Douze mesures, 750 millions d’euros sur la table… et beaucoup de questions. Ce lundi [9 septembre 2019], à 15h, Agnès Buzyn recevait les représentants des personnels et dirigeants hospitaliers, les syndicats et le collectif Inter-Urgences. Après deux séries d’annonces, mi-juin puis début septembre, qui n’ont pas mis fin au mouvement social des paramédicaux des urgences, la ministre leur a dévoilé son « plan d’actions » pour la « refondation des urgences ». Un plan inspiré des propositions du député (LREM) de Charente, Thomas Mesnier, et du chef du Samu de Paris, Pierre Carli.
Alors que cette nouvelle réunion semblait être celle de la dernière chance, le mouvement de grève, qui dure depuis six mois et touche la moitié des services d’urgences publics, ne semble pas près de s’arrêter. Car après un tour de table plus long que prévu, syndicalistes comme représentants des médecins libéraux et du collectif Inter-Urgences ont détaillé leurs critiques et déceptions.
Un financement insuffisant
Le ministre a donc promis une enveloppe de 750 millions d’euros sur trois ans. Insuffisant, répondent les représentants du syndicat CGT. « La ministre n’est plus dans le déni, mais dans le mépris », tranche Christophe Prudhomme, représentant à la fois de l’Association des médecins urgentistes de France (Amuf) et de la CGT.
« Cette somme, c’est une goutte d’eau dans l’océan, renchérit Patrick Bourdillon, secrétaire fédéral de la CGT Santé. Les urgences, c’est le haut de l’iceberg, mais tout l’hôpital est très malade… »
Surtout, nombre de délégués présents lors de cette rencontre au sommet s’interrogent sur la provenance de cette enveloppe. « Le principal manque, c’est de savoir d’où vont venir ces financements. Car si c’est pour déshabiller un autre service, cela revient à transférer le problème », s’inquiète Patrick Bourdillon. « Ce sont des non-annonces », tempête Mireille Stivala, secrétaire générale de CGT. Qui rappelle que le syndicat demande que l’Objectif national de dépenses d’assurance maladie (Ondam) (proche des 200 milliards d’euros, selon le PLFSS 2018) soit augmenté de 5 %, et non de 2,3 %.
Rien sur les effectifs
« Il n’y a rien sur les engagements que l’on porte depuis six mois », regrette de son côté Orianne Plumet, vice-présidente du collectif Inter-Urgences et infirmière à la Pitié Salpêtrière (AP-HP). Sachant que le mouvement de grève des paramédicaux avait été lancé avec trois mots d’ordre : un moratoire sur la fermeture des lits en aval, une augmentation de 300 euros mensuels, et 10 000 postes en plus. Sur le premier point, la ministre semble favorable à un moratoire, mais pas sur une ouverture de lits dans les services. « C’est une bouffée d’oxygène, mais ce qui m’inquiète, c’est qu’elle a parlé de conditions sans préciser lesquelles », nuance Mireille Stivala, de la CGT.

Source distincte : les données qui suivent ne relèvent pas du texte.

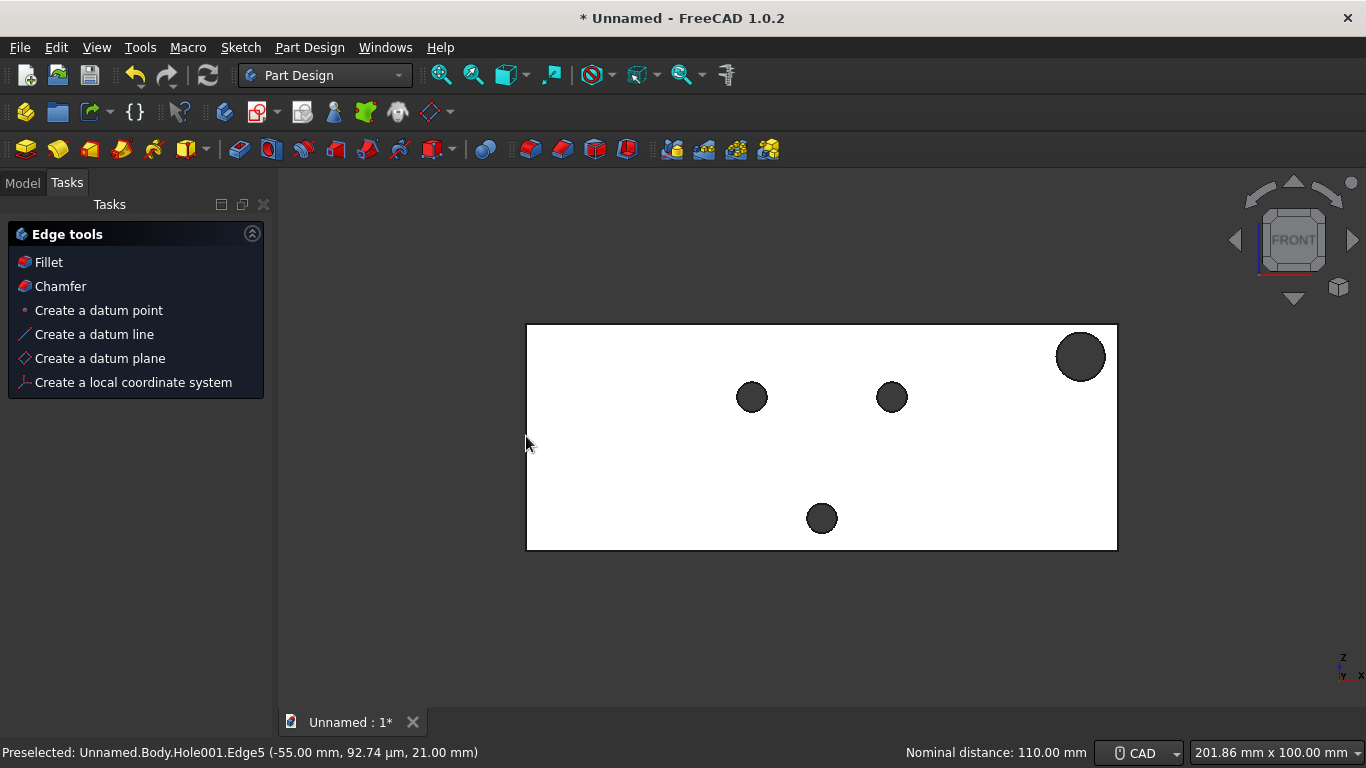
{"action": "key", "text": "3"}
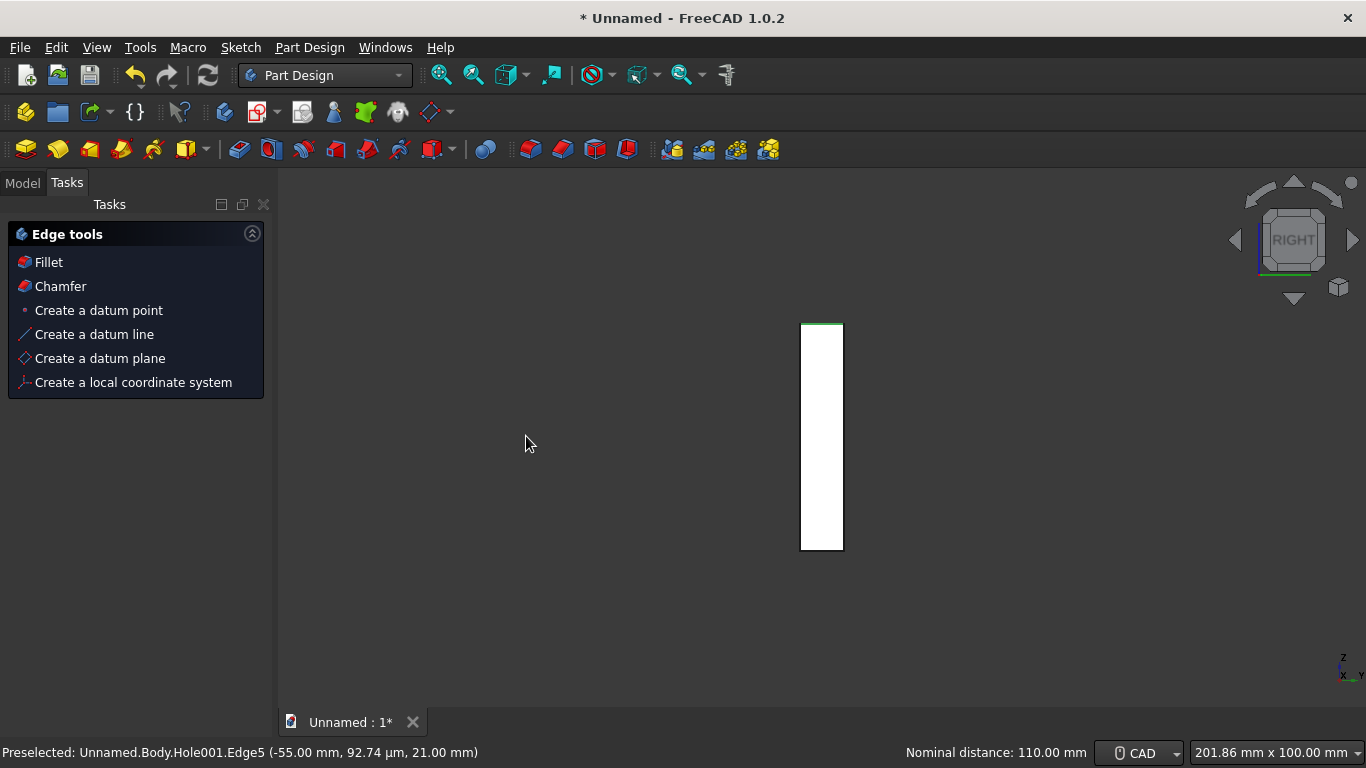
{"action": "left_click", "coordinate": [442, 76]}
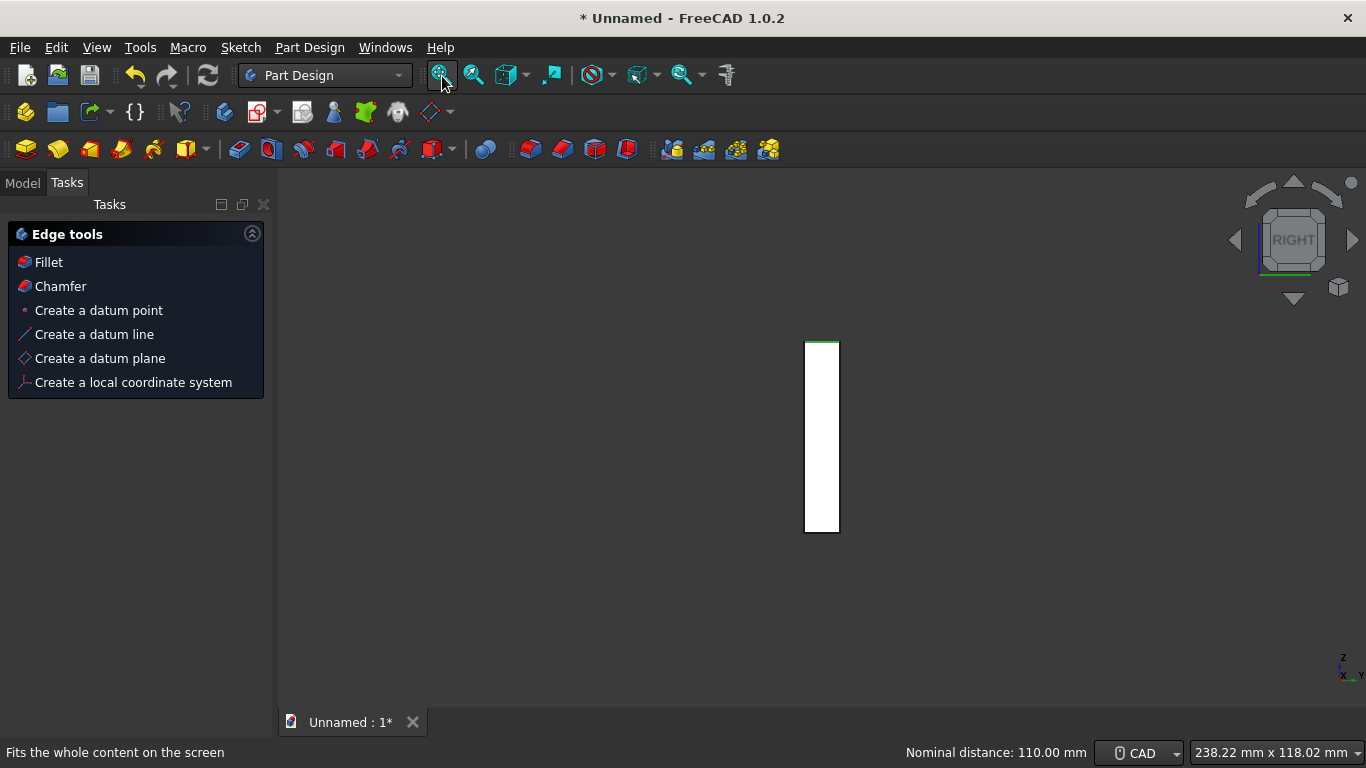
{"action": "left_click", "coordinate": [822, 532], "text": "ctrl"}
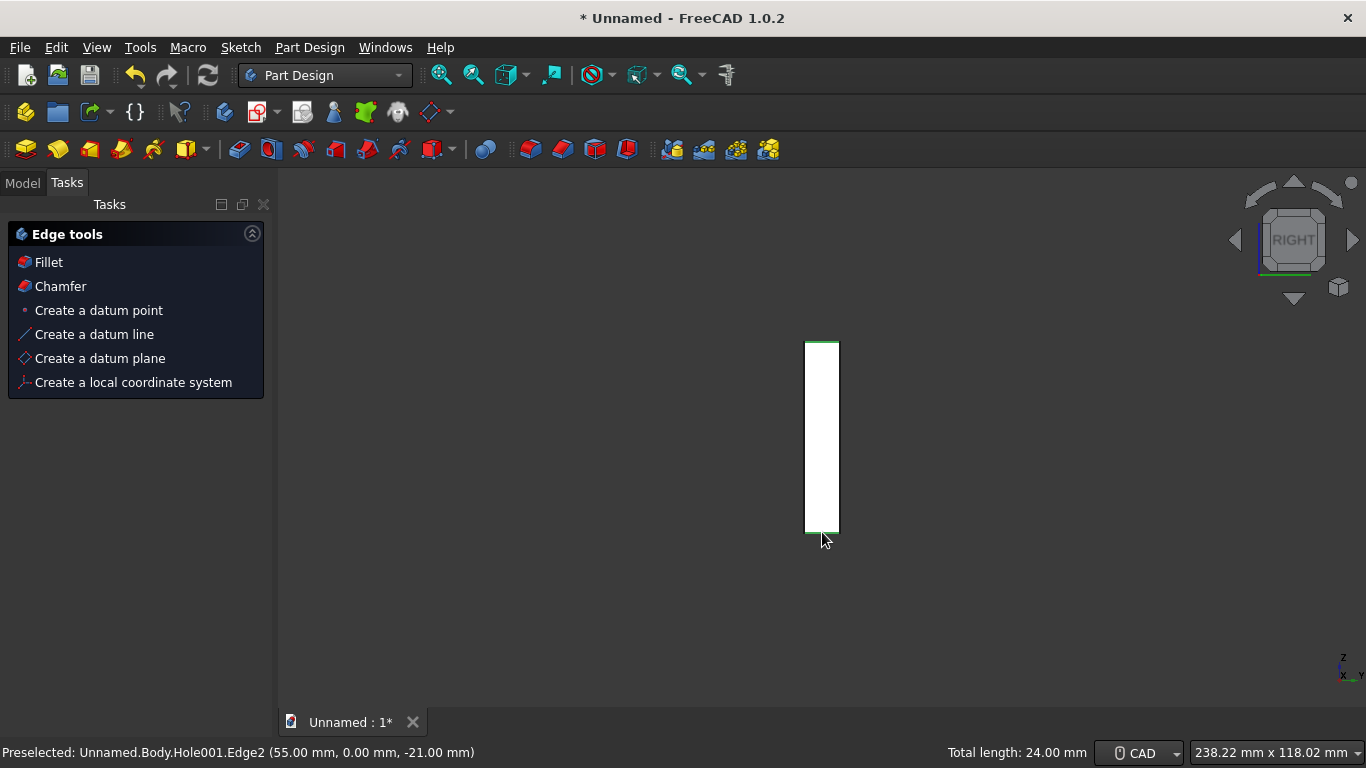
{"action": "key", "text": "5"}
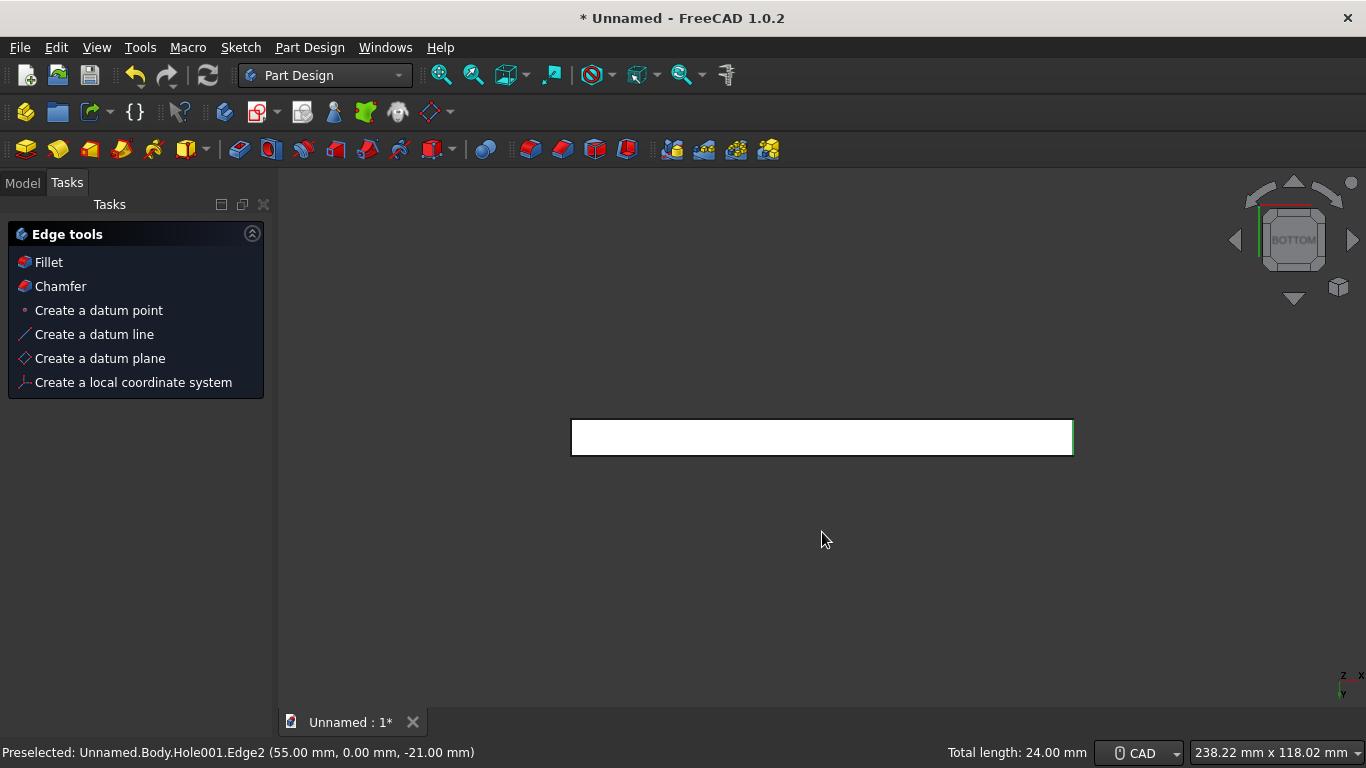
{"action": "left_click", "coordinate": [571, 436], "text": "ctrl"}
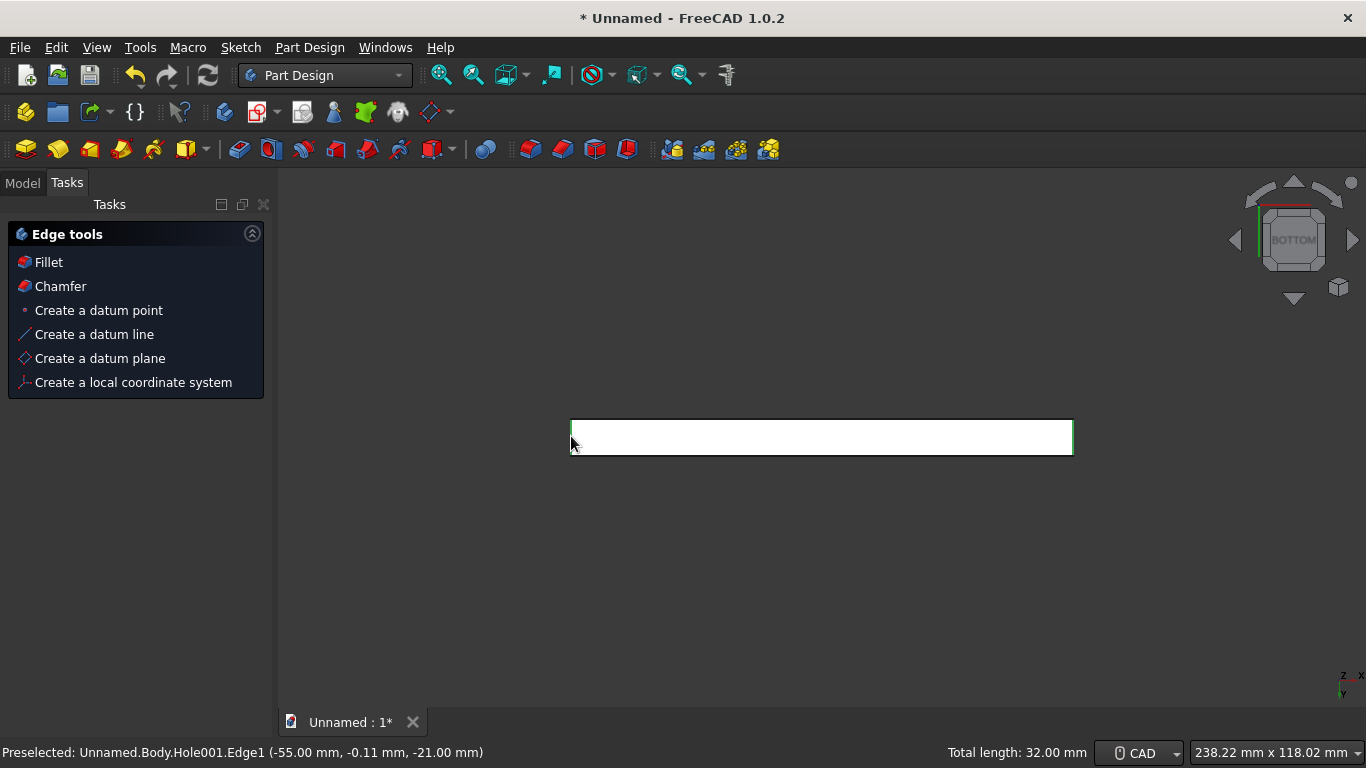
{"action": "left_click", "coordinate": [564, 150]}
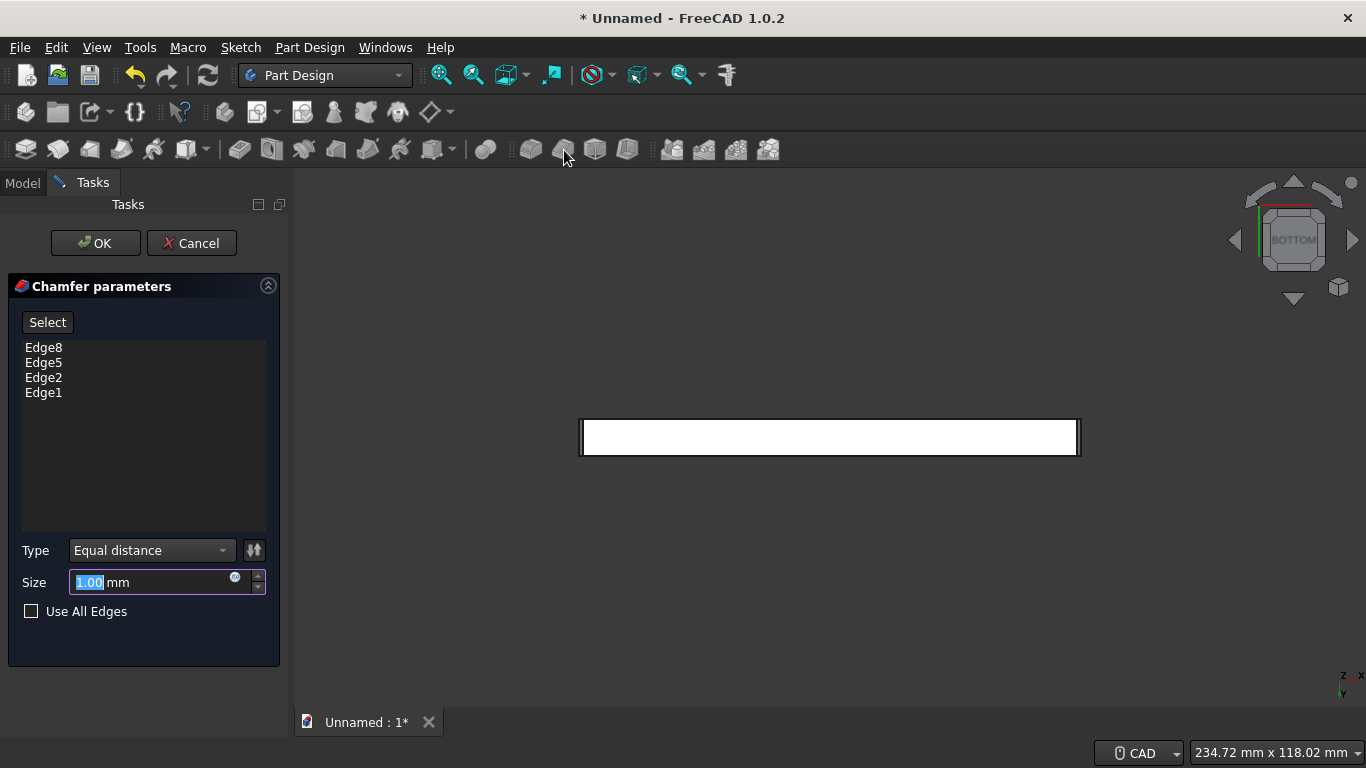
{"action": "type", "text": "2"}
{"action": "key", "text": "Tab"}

Reste que pour beaucoup, ce plan oublie l’essentiel, à savoir des effectifs supplémentaires aux urgences, mais aussi ailleurs. « Ouvrir un lit, cela veut dire embaucher », rappelle Christophe Prudhomme, de l’Amuf.
« S’il n’y a pas de médecins, d’infirmières, d’aides-soignantes en plus dans les Ehpad, par exemple, les personnes âgées continueront d’aller aux urgences, prévient Patrick Bourdillon (CGT). Dans six mois, on aura à faire face aux mêmes problèmes, surtout avec la grippe… »
Et la CGT de rappeler qu’elle demande 10 000 postes supplémentaires pour les urgences (tout comme le collectif qui a lancé la grève), mais aussi 40 000 postes pour les Ehpad.
L’autre souci, c’est le manque de généralistes. « La ministre a commencé la réunion en expliquant que le vrai problème, c’était le manque de médecins traitants. Or, dans toutes ces propositions, elle ne fait rien pour enrayer la désertification », s’agace Jean-Paul Hamon, président de la Fédération des médecins de France. La création annoncée d’un « service d’accès aux soins » (SAS), qui pourrait orienter 24h sur 24 vers une consultation en ville ou une téléconsultation ou vers les urgences, ne résoudrait donc pas le problème. « Aujourd’hui, on manque de médecins libéraux. On déplacerait le problème au lieu de le régler ! », reprend Jean-Paul Hamon.
Pour certains, l’une des solutions serait d’imposer pour les jeunes médecins un exercice de généraliste dans les déserts médicaux. Ce que le ministre veut éviter et que les syndicats de médecins généralistes refusent.